Valerian and the City of a Thousand Planets (2017)

For me, watching Valerian was like going on the Pirates of the Caribbean ride at Disneyland for the very first time. Although there may have been flaws with it, the sheer joy of the experience meant that on leaving the ride I immediately wanted to run around to get on it again.

In the case of the film, immediately meant the next day.

Valerian is very much the spiritual follow-up to The Fifth Element, Luc Besson's earlier foray into completely bonkers, 60s-comic-book-influenced, science fiction. Like Fifth Element it has the type of dialogue that sounds like the English translation of French comic book dialogue (wholly appropriate as Valerian is an English language version of a French comic book). Characters also feel fairly flimsy, again as if they are very literal translations of their two-dimensional counterparts.

The dialogue and characters have come under a fair amount of criticism as a result, but for an apologist for the film, it feels rather more like this is how they should be. By not developing the characters to greater depths, and by having something of a mannered-translation approach to the dialogue, the film feels true to the feel of the source material. To that effect, it seemed to have similarities with the De Laurentiis-produced films of Flash Gordon, and Barbarella.

There are still issues with the story though. The early sequence with the inhabitants of the planet Mul had me wanting to spend all day on the beach with them, and the following sequence in Big Market is a melange of invention that is beautifully handled.
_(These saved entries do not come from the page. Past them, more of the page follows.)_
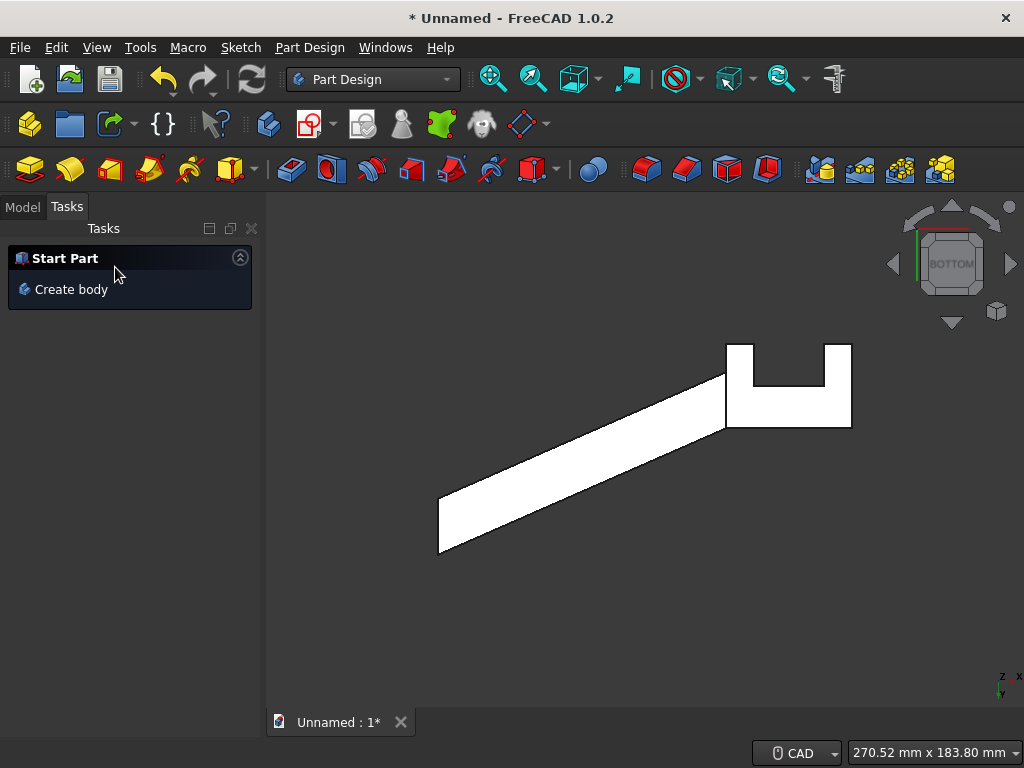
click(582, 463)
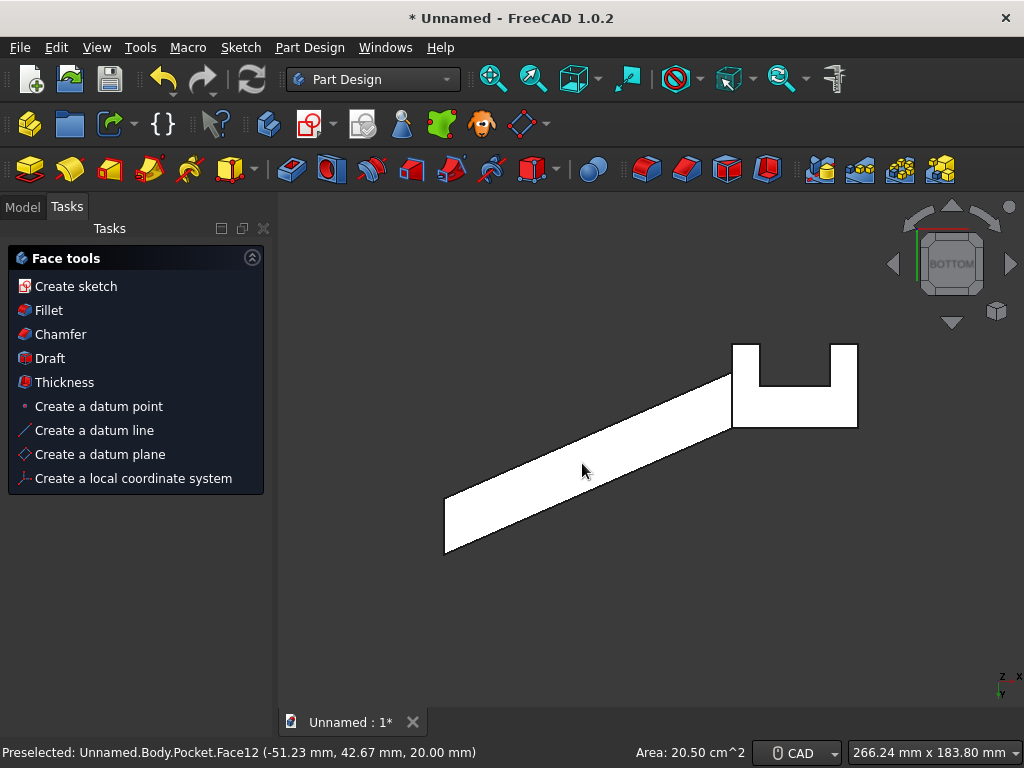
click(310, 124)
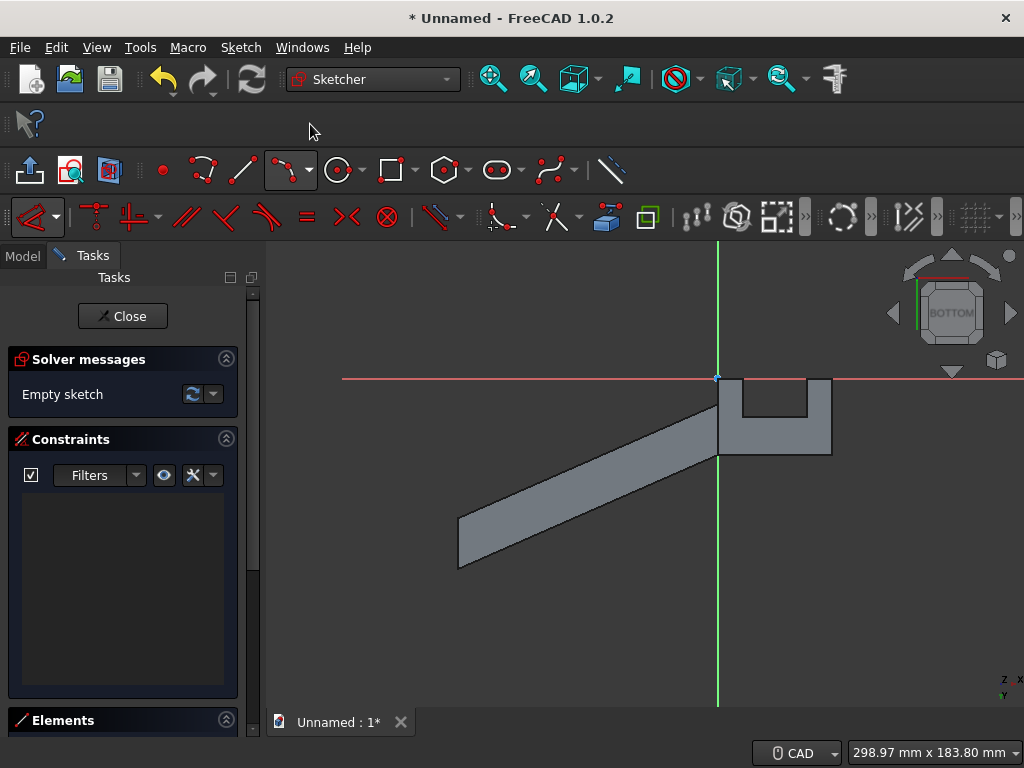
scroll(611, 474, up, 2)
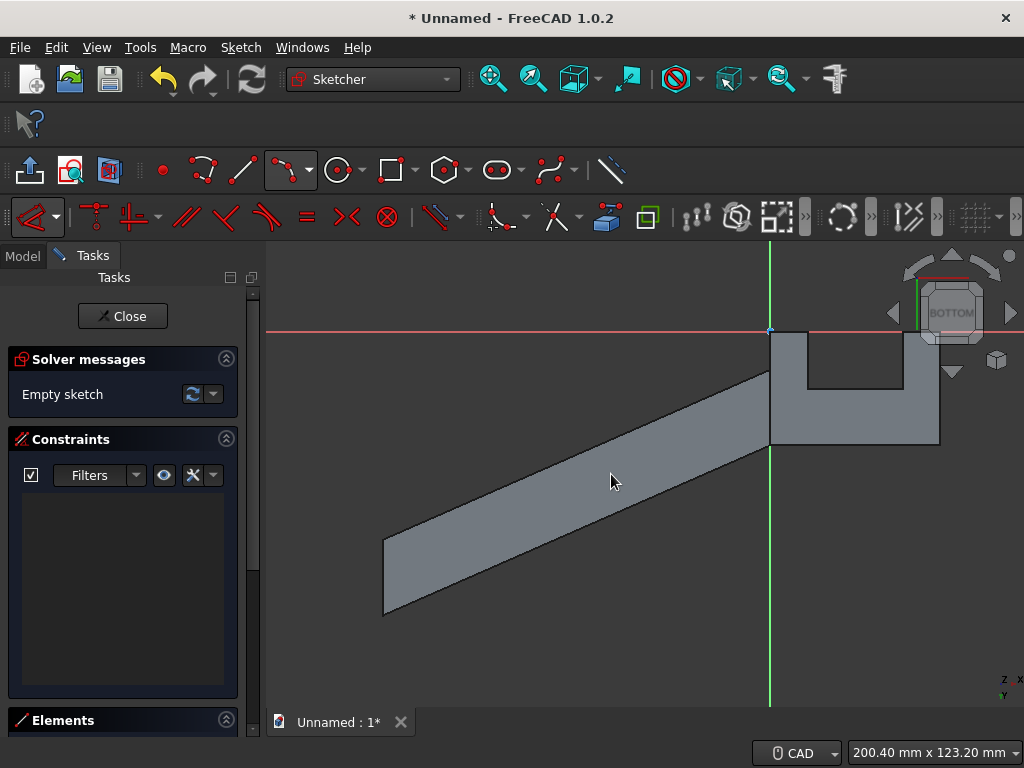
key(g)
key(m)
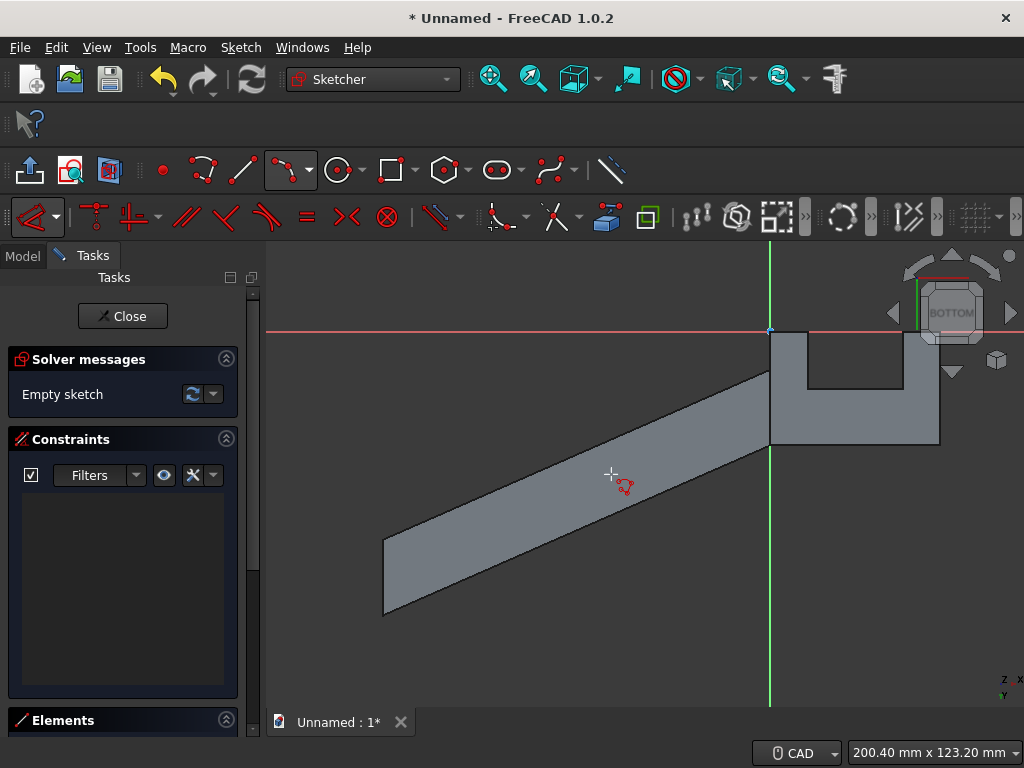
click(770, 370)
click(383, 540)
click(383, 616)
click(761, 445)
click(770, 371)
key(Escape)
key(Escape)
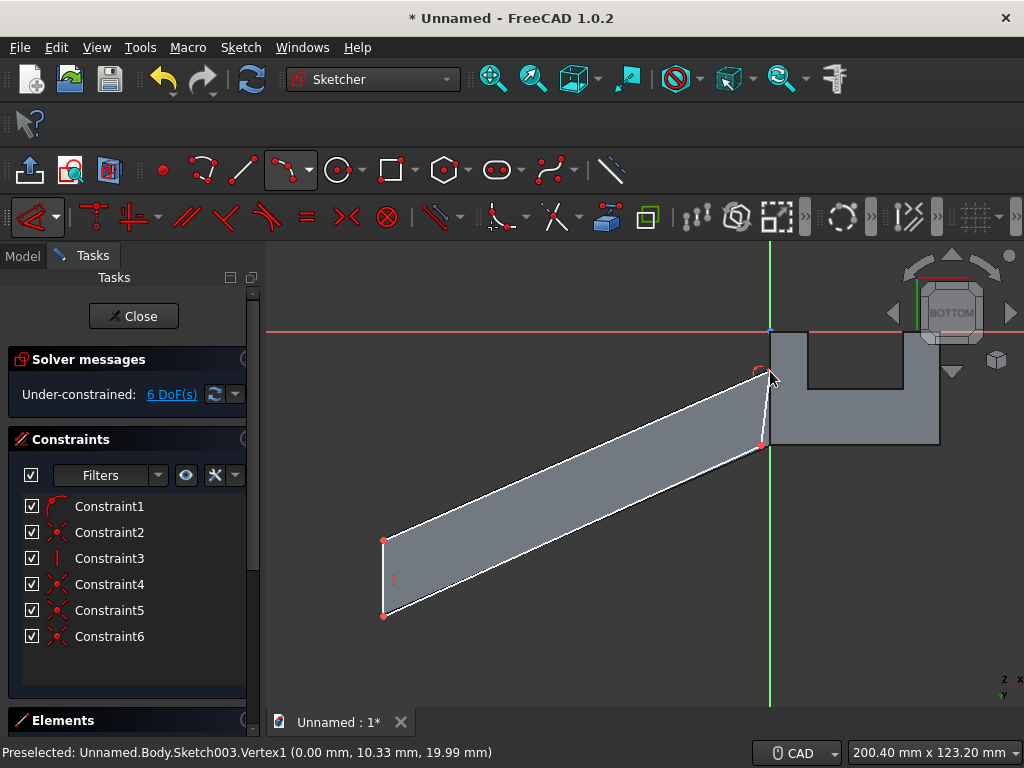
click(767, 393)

Nothing else in the film quite met the heights of those first twos sequences, but even so it was a film that kept me entertained throughout and, as mentioned, wanting to do it all over again once it had finished.

It's not going to be a film for everyone. But if you liked The Fifth Element before it was fashionable to do so, then you probably stand a fair chance of enjoying this. Whether you'll be quite as much in love with it as I am is another matter altogether.